According to an aspect of the present teaching, there is provided a head module including: a head chip having a nozzle plate and an IC; a cooler which is in thermal contact with the IC and which is configured to cool the IC; and a supplying device fluidly connected to the head chip and configured to supply ink to the head chip, wherein in a first direction orthogonal to the nozzle plate, the cooler and the supplying device are positioned on one side with respect to the nozzle plate, the cooler and the supplying device are overlapped as seen from the first direction, and the cooler and the supplying device are thermally isolated from each other.
According to the head module of the present teaching, it is possible to prevent the lowering in the temperate, of the ink flowing in the ink channel, which would be otherwise caused due to the coolant flowing in the cooling channel, and it is possible to miniaturize the head module in the plane direction parallel to the nozzle plate.
In the following, an explanation will be given regarding a head module 1 according to an embodiment of the present teaching, with a case wherein the head module 1 is used in a printer (printing apparatus) 1000, as an example.
[Printer 1000]
As depicted in
In the following explanation, a direction in which the pair of conveying rollers 501 and 502 are arranged, namely, a direction in which a medium PM is conveyed during an image formation is referred to as a conveying direction in the printer 1000. With respect to the conveying direction, an upstream side and a downstream side in the direction in which the medium PM is conveyed are referred, respectively, to as a supply side and a discharge side of the conveying direction.
Further, a direction in a horizontal plane orthogonal to the conveying direction, namely, a direction in which a rotational shaft of each of the conveying rollers 501 and 502 extends, is referred to as a medium width direction.
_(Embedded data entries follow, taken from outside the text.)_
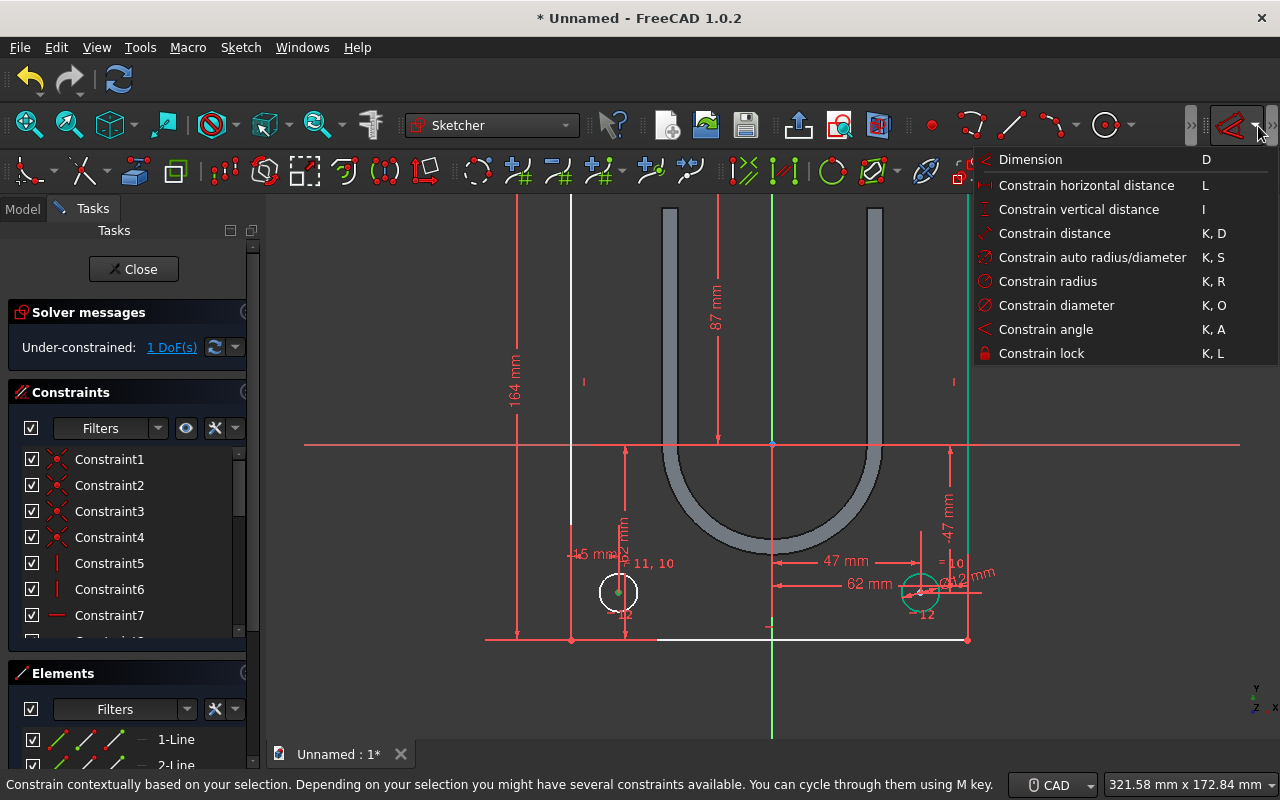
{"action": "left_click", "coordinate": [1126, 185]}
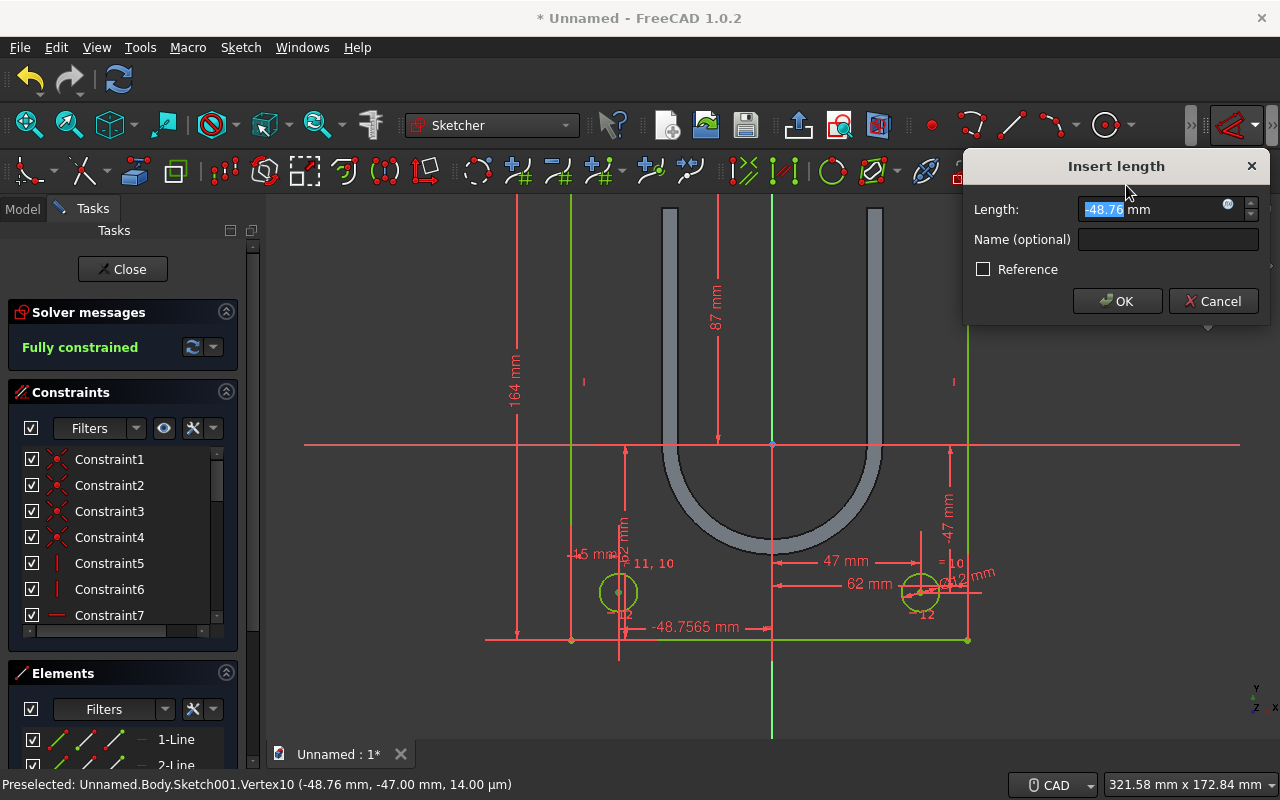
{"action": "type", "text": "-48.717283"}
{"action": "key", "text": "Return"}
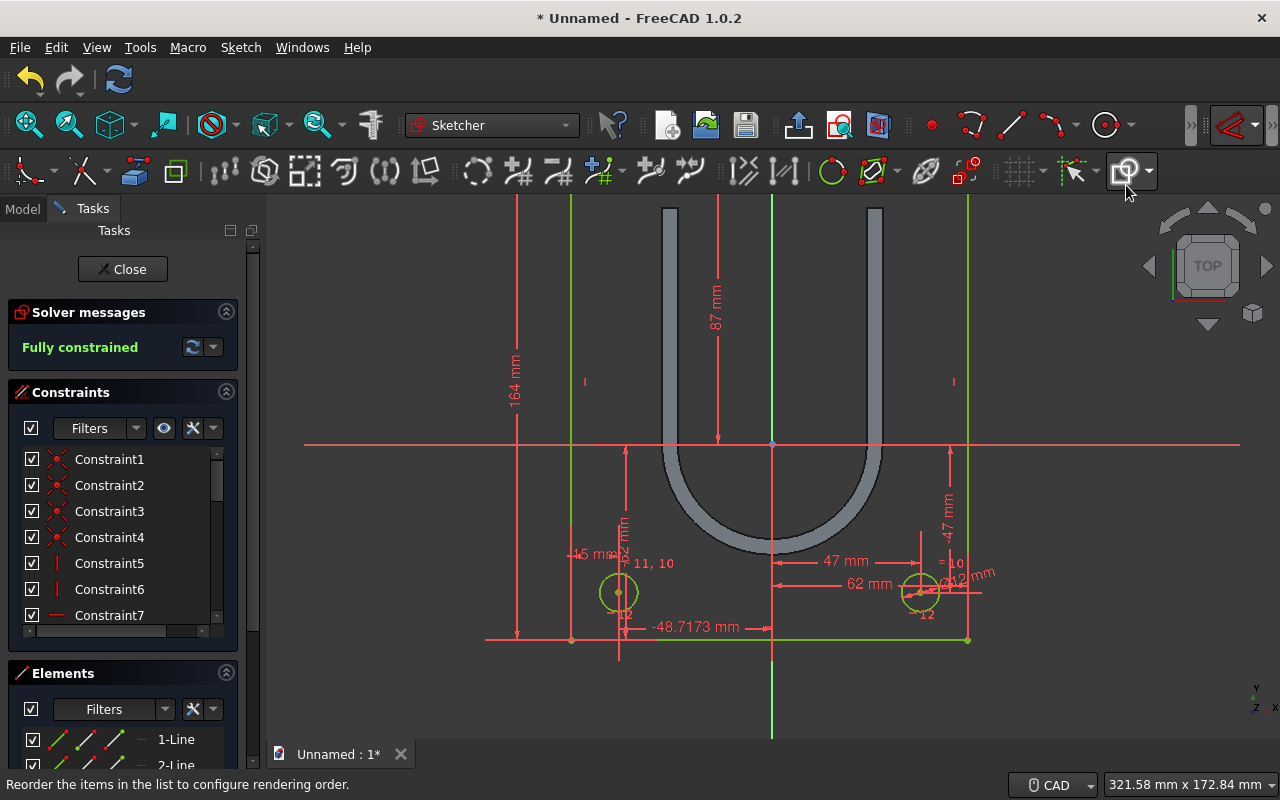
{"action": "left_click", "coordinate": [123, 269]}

With respect to the medium width direction, a left side and a right side in a case of seeing the discharge side from the supply side of the conveying direction are referred, respectively, to a left side and a right side of the medium width direction. A direction orthogonal to the conveying direction and the medium width direction is referred to as an up-down direction. The up-down direction is an example of a “first direction” of the present teaching.
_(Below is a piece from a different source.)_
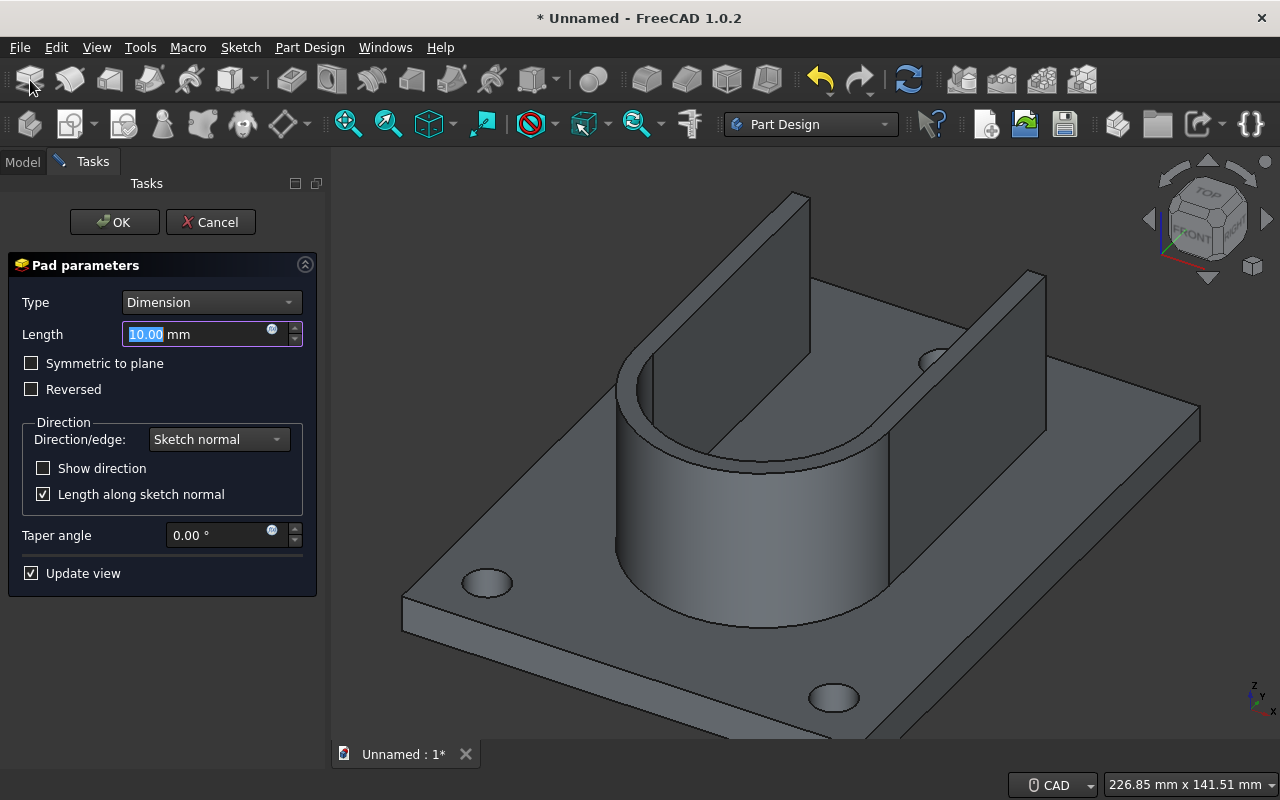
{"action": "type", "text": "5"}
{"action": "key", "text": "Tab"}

Each of the four head units 100 is a head of a so-called line type, and is supported by a supporting body 100a at both ends thereof in the medium width direction. In the present embodiment, the four head units 100 eject, respectively, inks of mutually different colors. Four color inks ejected by the four head units 100, respectively, are exemplified as a cyan ink, a magenta ink, a yellow ink and a black ink. The specific configuration and function of each of the four head units 100 will be described later on.
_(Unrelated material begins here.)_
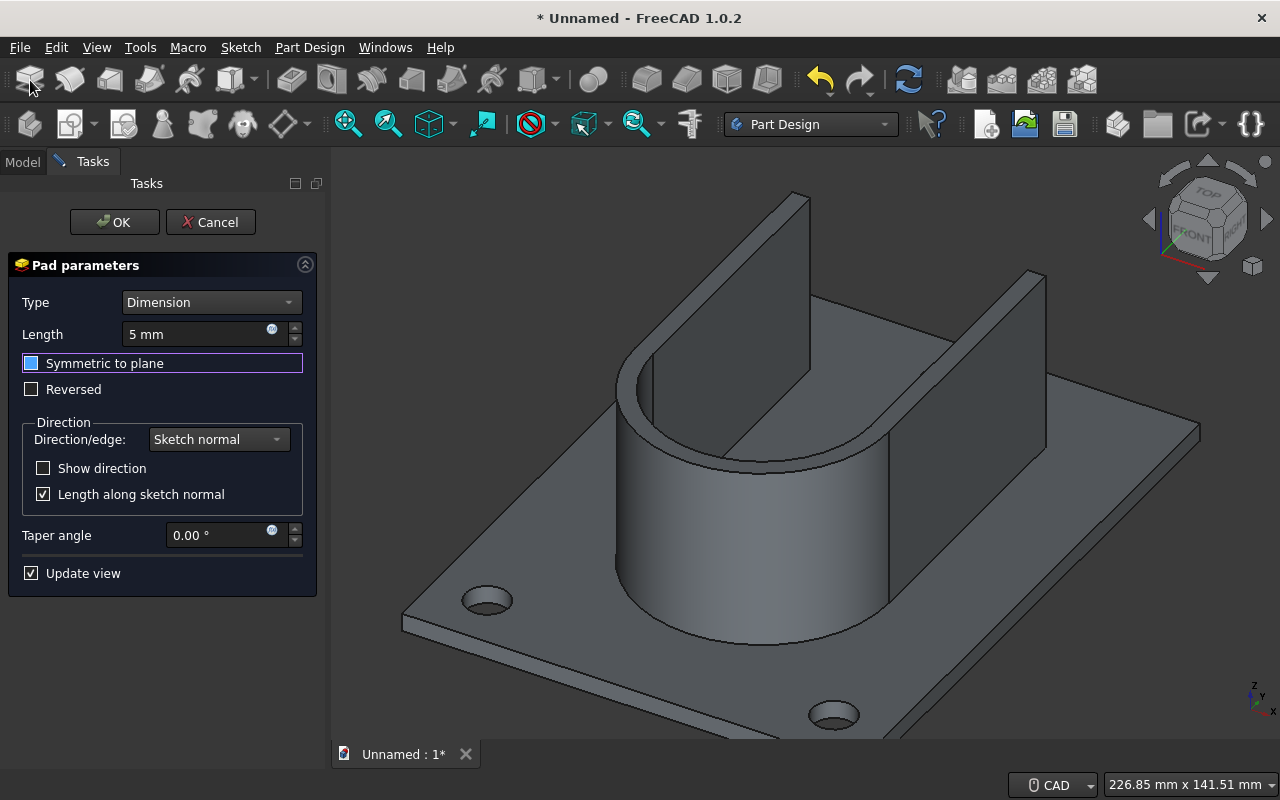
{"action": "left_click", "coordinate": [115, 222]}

The platen 400 is a member which is plate-shaped and which is configured to support the medium PM from a side opposite to the four head units 100 (lower side) in a case that the ink is ejected from the head units 100 toward the medium PM. The width in the medium width direction of the platen 400 is greater than a width of a medium which is largest and on which an image recording by the printer 1000 is possible.
The pair of conveying rollers 501 and 502 are positioned in such a state that the pair of conveying rollers 501 and 502 sandwich the platen 400 therebetween in the conveying direction. The pair of conveying rollers 501 and 502 feed the medium PM to the discharge side of the conveying direction, in a predetermined aspect, during the image formation to the medium PM by the head units 100.
The ink tank 600 is partitioned into four parts so that the four color inks are accommodatable therein. Each of the four sub tanks 700 are positioned at a location above one of the four head units 100.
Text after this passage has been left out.